Defines functions collectStability stability setupStabilityIndex fitHurdle make_unique conditionalCenter accessDirOrDie refitGLMVector autoGLM Block

Documented in autoGLM Block collectStability conditionalCenter fitHurdle setupStabilityIndex stability

##' Define parameter groups
##'
##' Define parameter groups and relative penalization.
##' If \code{this.model} is specified, then, neither \code{blist} nor \code{nlist} should be provided.
##' If \code{this.model} is not specified then both of the preceeding must be provided.
##' When \code{this.model} is provided, it is assumed to have been created by with \code{makeModel}.
##'  Column indices indicated in the attribute `fixedCols` are unpenalized intercepts, then followed by pairs of interaction terms.
##' The grouping corresponds to the parameter set for a node.
##' Otherwise, blist, mlist and nlist should be set.  See details.
##' @details
##' There are four components that all need to be mapped between each other.
##' In increasing abstraction, with variable prefixes in parenthesis:
##' 1. (p)arameter vector. The map is given in these terms. 
##' 2. (mm) model matrix--columns from the covariate matrix.
##' 3. (b)locks -- penalty groups
##' 4. (n)odes. -- the graph-theoretic structure.
##' 5. lambda -- penalties as a function of blocks.
##' All of these components are provided in the `map`
##' @param this.model (optional) a matrix created by \code{\link{makeModel}}
##' @param blist a list of parameter indices, one per block.  By default the first block is assumed to be unpenalized.
##' @param mlist a list of parameter indices, one per column of the model.matrix.
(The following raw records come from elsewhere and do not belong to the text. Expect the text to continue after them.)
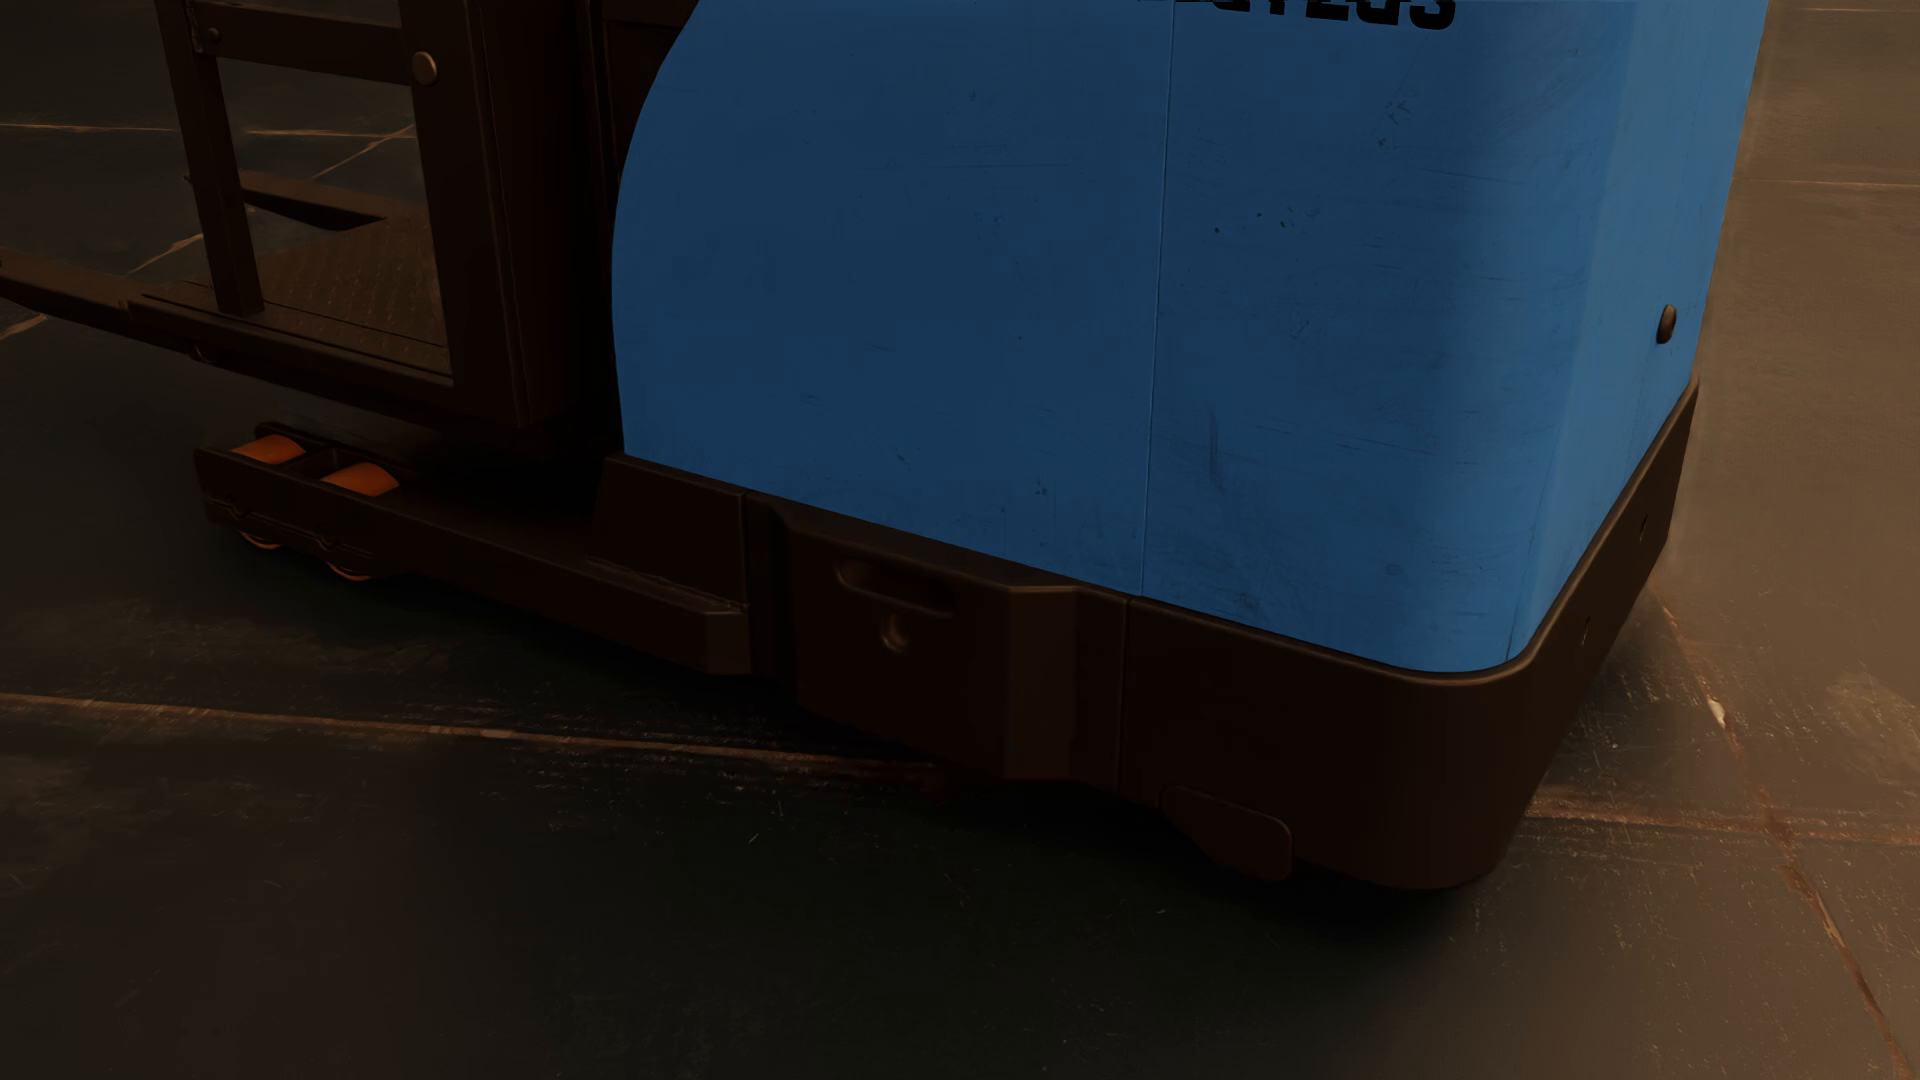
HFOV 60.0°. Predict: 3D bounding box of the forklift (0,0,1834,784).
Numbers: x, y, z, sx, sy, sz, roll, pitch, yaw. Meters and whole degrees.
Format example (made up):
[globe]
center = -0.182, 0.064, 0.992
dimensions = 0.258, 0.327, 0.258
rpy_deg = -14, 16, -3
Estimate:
[forklift]
center = -0.616, -1.272, 1.766
dimensions = 3.031, 2.935, 1.130
rpy_deg = -2, 27, -3

If omitted, assumed to equal to the identity.
##' @param nlist a named list of block indices, one per node
##' @param lambda currently ignored
##' @param group \code{character}: one of components, or none.
##' @param penalty.scale optional list containing elements `scale` and `group`.
##' `group` should be one of 'block' or 'none'.  `scale` should be \code{numeric} of length `blist` or the sum of the `blist` lengths.
##' @return a list containing a data.table `map` giving the mapping between parameters, groups and penalty scales and some other components
##' @export
Block <- function(this.model, blist, mlist, nlist, group='components', lambda, penalty.scale=NULL){
    ## only one of this.model, bidx and bset should be non-missing
    ## group={components, none}
    ## penalty scale should be provided as a list of indices and group={groups, components,none}


    group <- match.arg(group, c('components', 'none'))
    if(!is.null(penalty.scale)){
        if(!is.list(penalty.scale)) stop("`penalty.scale` should be list with components `scale` and `group`")
        penalty.scale.group <- match.arg(penalty.scale$group, c('components', 'none', 'groups'))
        if(!is.numeric(penalty.scale$scale)) stop("`penalty.scale$scale` should give integer indices into groups or parameters")
        penalty.scale.scale <- penalty.scale$scale
    }
    ## this.model provided
    if(!missing(this.model)){
        nfixed <- length(attr(this.model, 'fixedCols'))
        nodeId <- c('(fixed)', attr(this.model, 'nodeId'))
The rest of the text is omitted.